17 avril 2023·Deutsch·Berne·Verwaltungsgericht·PDF·2,083 mots·~10 min·2

Résumé

Verfügung vom 31. Mai 2022

Texte intégral

200 22 395 IV WIS/BRO/LEA Verwaltungsgericht des Kantons Bern Sozialversicherungsrechtliche Abteilung Urteil der Einzelrichterin vom 17. April 2023 Verwaltungsrichterin Wiedmer Gerichtsschreiberin Brunner A.________ Beschwerdeführerin gegen IV-Stelle Bern Scheibenstrasse 70, Postfach, 3001 Bern Beschwerdegegnerin betreffend Verfügung vom 31. Mai 2022

Urteil des Verwaltungsgerichts des Kantons Bern vom 17. April 2023, IV/22/395, Seite 2 Sachverhalt: A. Die 1961 geborene A.________ (Versicherte bzw. Beschwerdeführerin) leidet an einer Cerebralparese (Akten der IV-Stelle Bern [IVB bzw. Beschwerdegegnerin], Antwortbeilage [AB] 1.1 S. 129 ff., 63 S. 1 Ziff. 3). Für deren Auswirkungen gewährte die IVB medizinische Massnahmen (AB 1.1 S. 201, S. 215, S. 219 und S. 225) und übernahm verschiedene Hilfsmittel (AB 1.1 S. 8, S. 12, S. 15, S. 23, S. 30, S. 53, S. 57, S. 64, S. 79, S. 97, S. 152, S. 162, S. 169, S. 189 und S. 201, 10, 24, 29, 32 f., 49, 81, 88, 97). Ferner wird der Versicherten seit 1. Mai 1979 eine ganze Invalidenrente sowie eine Hilflosenentschädigung schweren Grades ausgerichtet (AB 1.1 S. 43, S. 112, S. 114; 7, 17, 37, 65 f., 109 f.). Im April 2022 stellte die Versicherte ein Gesuch um Gewährung eines Drehflügeltürantriebs im Betrag von Fr. 4'965.51 (AB 111). Mit Vorbescheid vom 26. April 2022 (AB 112) stellte die IVB die Abweisung des Gesuches in Aussicht. Nachdem die Versicherte dagegen Einwand erhoben hatte (AB 113), verfügte die IVB am 31. Mai 2022 (AB 115) wie im Vorbescheid angekündigt. B. Dagegen erhob die Versicherte mit Eingabe vom 27. Juni 2022 Beschwerde. Sie beantragt sinngemäss die Aufhebung der angefochtenen Verfügung vom 31. Mai 2022 und die Zusprechung des beantragten Drehflügeltürantriebs. Mit Beschwerdeantwort vom 29. August 2022 beantragt die Beschwerdegegnerin die Abweisung der Beschwerde.

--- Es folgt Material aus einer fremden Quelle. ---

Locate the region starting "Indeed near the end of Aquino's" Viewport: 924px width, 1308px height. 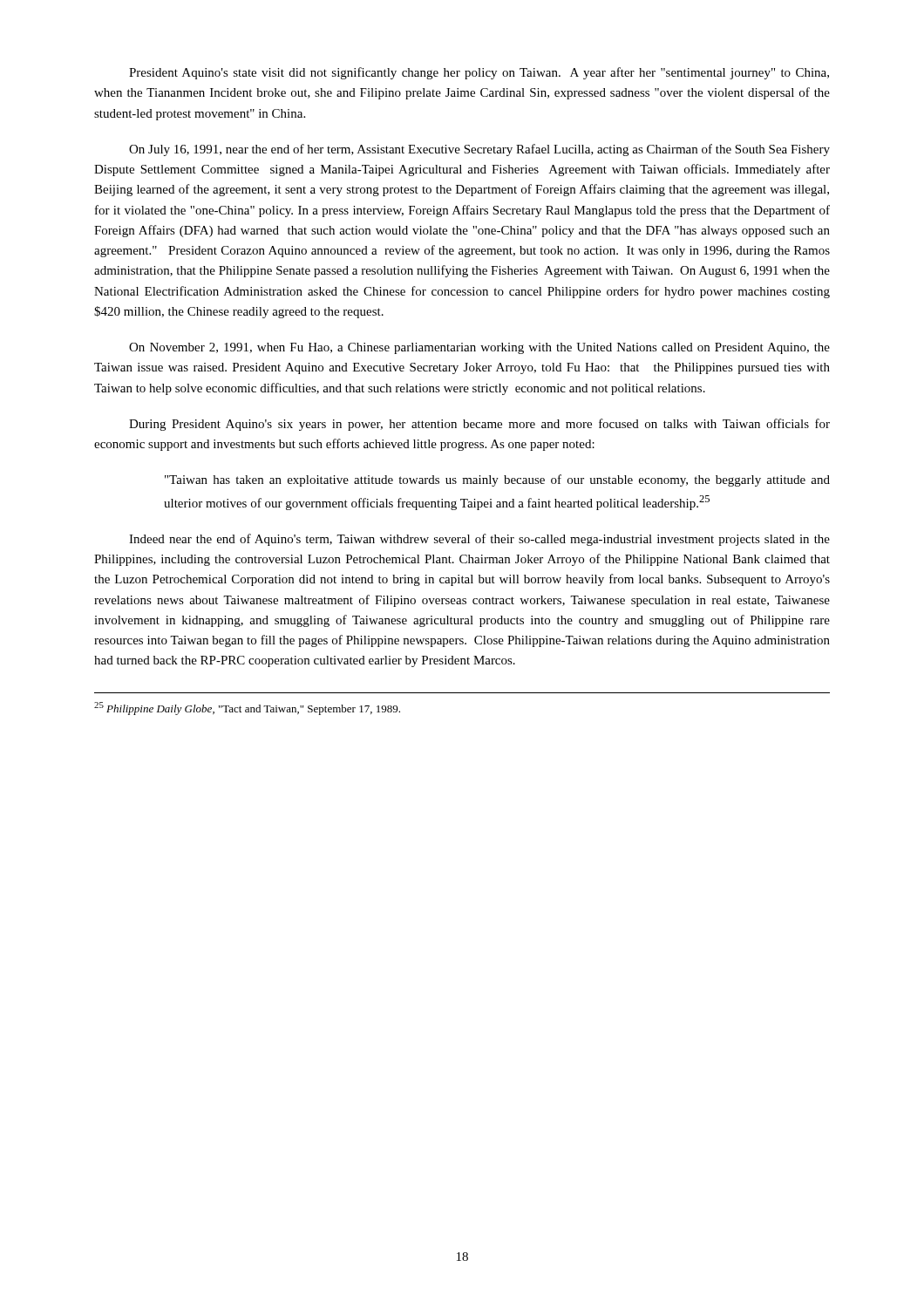462,600
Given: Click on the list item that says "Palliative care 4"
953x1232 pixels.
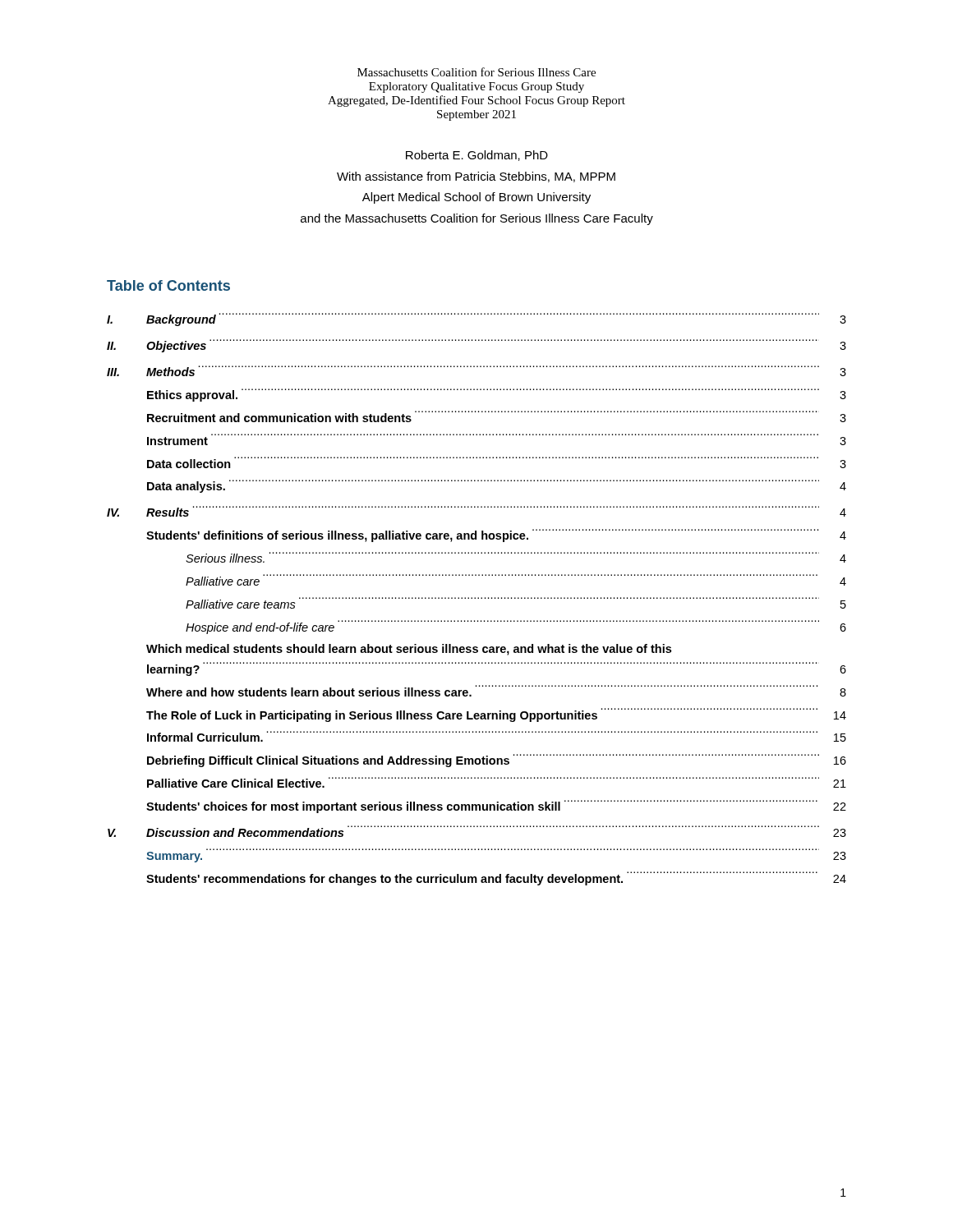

Urteil des Verwaltungsgerichts des Kantons Bern vom 17. April 2023, IV/22/395, Seite 3 Erwägungen: 1. 1.1 Der angefochtene Entscheid ist in Anwendung von Sozialversicherungsrecht ergangen. Die Sozialversicherungsrechtliche Abteilung des Verwaltungsgerichts beurteilt gemäss Art. 57 des Bundesgesetzes vom 6. Oktober 2000 über den Allgemeinen Teil des Sozialversicherungsrechts (ATSG; SR 830.1) i.V.m. Art. 54 Abs. 1 lit. a des kantonalen Gesetzes vom 11. Juni 2009 über die Organisation der Gerichtsbehörden und der Staatsanwaltschaft (GSOG; BSG 161.1) Beschwerden gegen solche Entscheide. Die Beschwerdeführerin ist im vorinstanzlichen Verfahren mit ihren Anträgen nicht durchgedrungen, durch den angefochtenen Entscheid berührt und hat ein schutzwürdiges Interesse an dessen Aufhebung, weshalb sie zur Beschwerde befugt ist (Art. 59 ATSG). Die örtliche Zuständigkeit ist gegeben (Art. 69 Abs. 1 lit. a des Bundesgesetzes vom 19. Juni 1959 über die Invalidenversicherung [IVG; SR 831.20]). Da auch die Bestimmungen über Frist (Art. 60 ATSG) sowie Form (Art. 61 lit. b ATSG; Art. 81 Abs. 1 i.V.m. Art. 32 des kantonalen Gesetzes vom 23. Mai 1989 über die Verwaltungsrechtspflege [VRPG; BSG 155.21]) eingehalten sind, ist auf die Beschwerde einzutreten. 1.2 Anfechtungsobjekt bildet die Verfügung vom 31. Mai 2022 (AB 115). Streitig und zu prüfen ist der Anspruch auf den Drehflügeltürantrieb. 1.3 Die Kosten für die Anschaffung des streitigen Hilfsmittels belaufen sich gemäss der Offerte der B.________ GmbH vom 11. April 2022 (AB 111 S. 3) auf Fr. 4'965.51, womit die Beurteilung der Beschwerde in die einzelrichterliche Zuständigkeit fällt (Art. 57 Abs. 1 GSOG). 1.4 Das Gericht überprüft den angefochtenen Entscheid frei und ist an die Begehren der Parteien nicht gebunden (Art. 61 lit. c und d ATSG; Art. 80 lit. c Ziff. 1 und Art. 84 Abs. 3 VRPG).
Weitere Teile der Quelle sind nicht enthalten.